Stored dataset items
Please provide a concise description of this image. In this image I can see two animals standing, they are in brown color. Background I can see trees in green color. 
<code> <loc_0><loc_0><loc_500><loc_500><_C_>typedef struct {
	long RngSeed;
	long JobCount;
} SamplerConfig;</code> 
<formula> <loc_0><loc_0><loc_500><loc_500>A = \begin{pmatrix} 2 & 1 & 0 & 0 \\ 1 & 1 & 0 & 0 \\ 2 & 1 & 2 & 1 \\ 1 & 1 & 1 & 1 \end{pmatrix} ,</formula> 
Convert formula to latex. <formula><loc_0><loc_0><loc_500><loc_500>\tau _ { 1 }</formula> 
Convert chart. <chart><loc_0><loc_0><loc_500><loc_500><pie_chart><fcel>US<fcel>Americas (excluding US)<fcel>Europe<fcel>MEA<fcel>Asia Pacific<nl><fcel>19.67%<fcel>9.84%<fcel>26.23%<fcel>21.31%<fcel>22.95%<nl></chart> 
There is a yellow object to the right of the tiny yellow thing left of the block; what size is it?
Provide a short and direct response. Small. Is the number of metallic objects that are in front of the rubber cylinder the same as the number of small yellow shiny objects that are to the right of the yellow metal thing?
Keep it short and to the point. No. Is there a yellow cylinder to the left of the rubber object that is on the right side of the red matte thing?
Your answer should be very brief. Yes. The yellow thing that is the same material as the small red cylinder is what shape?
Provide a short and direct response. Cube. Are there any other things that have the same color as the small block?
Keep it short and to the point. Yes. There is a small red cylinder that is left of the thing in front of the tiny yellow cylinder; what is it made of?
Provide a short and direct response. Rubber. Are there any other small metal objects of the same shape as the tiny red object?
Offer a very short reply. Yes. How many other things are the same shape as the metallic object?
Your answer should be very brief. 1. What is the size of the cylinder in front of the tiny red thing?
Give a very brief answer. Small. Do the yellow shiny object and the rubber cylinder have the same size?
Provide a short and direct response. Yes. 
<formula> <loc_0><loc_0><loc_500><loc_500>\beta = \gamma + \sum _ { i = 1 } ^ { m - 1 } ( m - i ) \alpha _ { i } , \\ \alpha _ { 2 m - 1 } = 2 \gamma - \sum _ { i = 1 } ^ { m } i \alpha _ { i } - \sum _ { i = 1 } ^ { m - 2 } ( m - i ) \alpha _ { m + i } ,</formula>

* _TASK PROMPT_
Line by line, output the data precisely as shown above.

* _RESPONSE BELOW_
Please provide a concise description of this image. In this image I can see two animals standing, they are in brown color. Background I can see trees in green color. 
<code> <loc_0><loc_0><loc_500><loc_500><_C_>typedef struct {
	long RngSeed;
	long JobCount;
} SamplerConfig;</code> 
<formula> <loc_0><loc_0><loc_500><loc_500>A = \begin{pmatrix} 2 & 1 & 0 & 0 \\ 1 & 1 & 0 & 0 \\ 2 & 1 & 2 & 1 \\ 1 & 1 & 1 & 1 \end{pmatrix} ,</formula> 
Convert formula to latex. <formula><loc_0><loc_0><loc_500><loc_500>\tau _ { 1 }</formula> 
Convert chart. <chart><loc_0><loc_0><loc_500><loc_500><pie_chart><fcel>US<fcel>Americas (excluding US)<fcel>Europe<fcel>MEA<fcel>Asia Pacific<nl><fcel>19.67%<fcel>9.84%<fcel>26.23%<fcel>21.31%<fcel>22.95%<nl></chart> 
There is a yellow object to the right of the tiny yellow thing left of the block; what size is it?
Provide a short and direct response. Small. Is the number of metallic objects that are in front of the rubber cylinder the same as the number of small yellow shiny objects that are to the right of the yellow metal thing?
Keep it short and to the point. No. Is there a yellow cylinder to the left of the rubber object that is on the right side of the red matte thing?
Your answer should be very brief. Yes. The yellow thing that is the same material as the small red cylinder is what shape?
Provide a short and direct response. Cube. Are there any other things that have the same color as the small block?
Keep it short and to the point. Yes. There is a small red cylinder that is left of the thing in front of the tiny yellow cylinder; what is it made of?
Provide a short and direct response. Rubber. Are there any other small metal objects of the same shape as the tiny red object?
Offer a very short reply. Yes. How many other things are the same shape as the metallic object?
Your answer should be very brief. 1. What is the size of the cylinder in front of the tiny red thing?
Give a very brief answer. Small. Do the yellow shiny object and the rubber cylinder have the same size?
Provide a short and direct response. Yes. 
<formula> <loc_0><loc_0><loc_500><loc_500>\beta = \gamma + \sum _ { i = 1 } ^ { m - 1 } ( m - i ) \alpha _ { i } , \\ \alpha _ { 2 m - 1 } = 2 \gamma - \sum _ { i = 1 } ^ { m } i \alpha _ { i } - \sum _ { i = 1 } ^ { m - 2 } ( m - i ) \alpha _ { m + i } ,</formula>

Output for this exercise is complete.